● **Problem requirements**
Exact reproduction of the listing is required. Pictures are not reproduced.

● **Dataset**

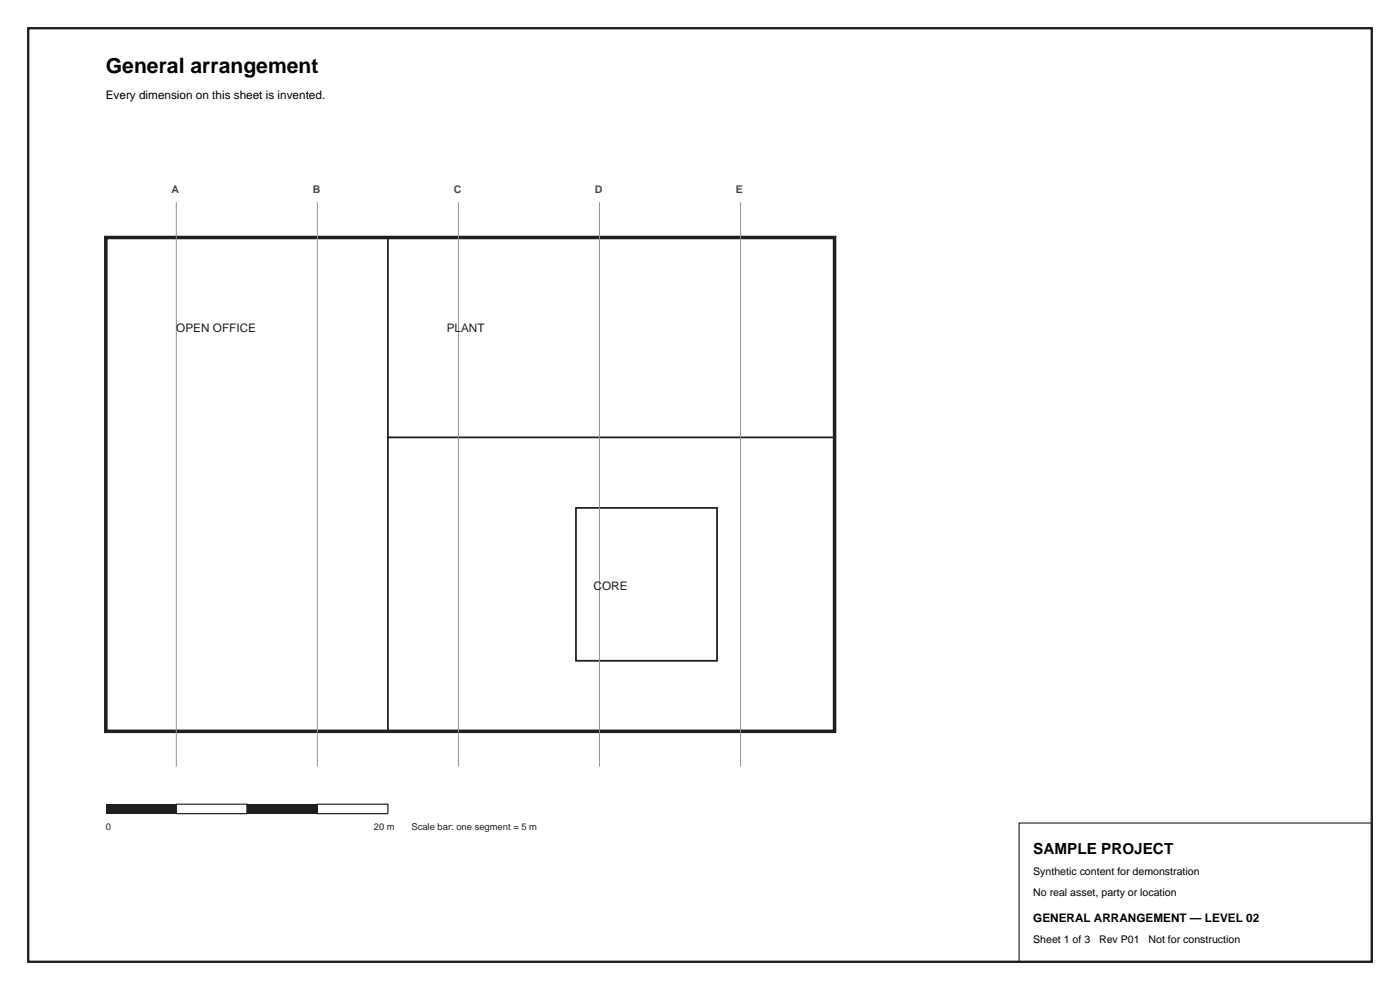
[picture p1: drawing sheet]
<svg xmlns="http://www.w3.org/2000/svg" width="420mm" height="297mm" viewBox="0 0 420 297" stroke-linecap="round" stroke-linejoin="round" font-family="sans-serif">
<defs><g id="words">
<text font-size="6.3" x="31.7" y="21.9">General arrangement</text>
<text font-size="4.6" x="310.1" y="256.1">SAMPLE PROJECT</text>
<g font-size="3.5">
<text x="31.7" y="29.6">Every dimension on this sheet is invented.</text>
<text x="310.1" y="276.6">GENERAL ARRANGEMENT — LEVEL 02</text>
</g>
<g font-size="3.5" fill="#1a1f29">
<text x="52.9" y="99.5">OPEN OFFICE</text>
<text x="134.1" y="99.5">PLANT</text>
<text x="178.2" y="177.1">CORE</text>
</g>
<g font-size="3.2" fill="#404752">
<text x="51.5" y="57.9">A</text>
<text x="93.8" y="57.9">B</text>
<text x="136.2" y="57.9">C</text>
<text x="178.5" y="57.9">D</text>
<text x="220.8" y="57.9">E</text>
</g>
<g font-size="3.2">
<text x="310.1" y="262.5">Synthetic content for demonstration</text>
<text x="310.1" y="268.8">No real asset, party or location</text>
<text x="310.1" y="282.9">Sheet 1 of 3</text>
<text x="329.9" y="282.9">Rev P01</text>
<text x="344.7" y="282.9">Not for construction</text>
</g>
<g font-size="2.8" fill="#1a1f29">
<text x="31.7" y="249.1">0</text>
<text x="112.2" y="249.1">20 m</text>
<text x="123.5" y="249.1">Scale bar: one segment = 5 m</text>
</g>
</g></defs>
<path d="M8.5 8.5h403.2v280.1h-403.2z" fill="none" stroke="#1a1f29" stroke-width=".71" stroke-linecap="butt"/>
<path d="M305.9 246.9h105.8v41.7h-105.8z" fill="none" stroke="#1a1f29" stroke-width=".35"/>
<path d="M31.7 71.3h218.8v148.1h-218.8z" fill="none" stroke="#1a1f29" stroke-width="1.1" stroke-linecap="butt"/>
<path d="M116.4 71.3v148.1M116.4 131.2h134.1M172.9 152.4h42.3v45.9h-42.3z" fill="none" stroke="#1a1f29" stroke-width=".53"/>
<path d="M52.9 60.7v169.3M95.2 60.7v169.3M137.6 60.7v169.3M179.9 60.7v169.3M222.2 60.7v169.3" fill="none" stroke="#8c949e" stroke-width=".3"/>
<path d="M31.7 241.3h21.2v2.8h-21.2z" fill="#1a1f29"/>
<path d="M52.9 241.3h21.2v2.8h-21.2z" fill="none" stroke="#1a1f29" stroke-width=".35"/>
<path d="M74.1 241.3h21.1v2.8h-21.1z" fill="#1a1f29"/>
<path d="M95.2 241.3h21.2v2.8h-21.2z" fill="none" stroke="#1a1f29" stroke-width=".35"/>
<use href="#words"/>
</svg>

● **Written answer**
[picture p1: drawing sheet]
<svg xmlns="http://www.w3.org/2000/svg" width="420mm" height="297mm" viewBox="0 0 420 297" stroke-linecap="round" stroke-linejoin="round" font-family="sans-serif">
<defs><g id="words">
<text font-size="6.3" x="31.7" y="21.9">General arrangement</text>
<text font-size="4.6" x="310.1" y="256.1">SAMPLE PROJECT</text>
<g font-size="3.5">
<text x="31.7" y="29.6">Every dimension on this sheet is invented.</text>
<text x="310.1" y="276.6">GENERAL ARRANGEMENT — LEVEL 02</text>
</g>
<g font-size="3.5" fill="#1a1f29">
<text x="52.9" y="99.5">OPEN OFFICE</text>
<text x="134.1" y="99.5">PLANT</text>
<text x="178.2" y="177.1">CORE</text>
</g>
<g font-size="3.2" fill="#404752">
<text x="51.5" y="57.9">A</text>
<text x="93.8" y="57.9">B</text>
<text x="136.2" y="57.9">C</text>
<text x="178.5" y="57.9">D</text>
<text x="220.8" y="57.9">E</text>
</g>
<g font-size="3.2">
<text x="310.1" y="262.5">Synthetic content for demonstration</text>
<text x="310.1" y="268.8">No real asset, party or location</text>
<text x="310.1" y="282.9">Sheet 1 of 3</text>
<text x="329.9" y="282.9">Rev P01</text>
<text x="344.7" y="282.9">Not for construction</text>
</g>
<g font-size="2.8" fill="#1a1f29">
<text x="31.7" y="249.1">0</text>
<text x="112.2" y="249.1">20 m</text>
<text x="123.5" y="249.1">Scale bar: one segment = 5 m</text>
</g>
</g></defs>
<path d="M8.5 8.5h403.2v280.1h-403.2z" fill="none" stroke="#1a1f29" stroke-width=".71" stroke-linecap="butt"/>
<path d="M305.9 246.9h105.8v41.7h-105.8z" fill="none" stroke="#1a1f29" stroke-width=".35"/>
<path d="M31.7 71.3h218.8v148.1h-218.8z" fill="none" stroke="#1a1f29" stroke-width="1.1" stroke-linecap="butt"/>
<path d="M116.4 71.3v148.1M116.4 131.2h134.1M172.9 152.4h42.3v45.9h-42.3z" fill="none" stroke="#1a1f29" stroke-width=".53"/>
<path d="M52.9 60.7v169.3M95.2 60.7v169.3M137.6 60.7v169.3M179.9 60.7v169.3M222.2 60.7v169.3" fill="none" stroke="#8c949e" stroke-width=".3"/>
<path d="M31.7 241.3h21.2v2.8h-21.2z" fill="#1a1f29"/>
<path d="M52.9 241.3h21.2v2.8h-21.2z" fill="none" stroke="#1a1f29" stroke-width=".35"/>
<path d="M74.1 241.3h21.1v2.8h-21.1z" fill="#1a1f29"/>
<path d="M95.2 241.3h21.2v2.8h-21.2z" fill="none" stroke="#1a1f29" stroke-width=".35"/>
<use href="#words"/>
</svg>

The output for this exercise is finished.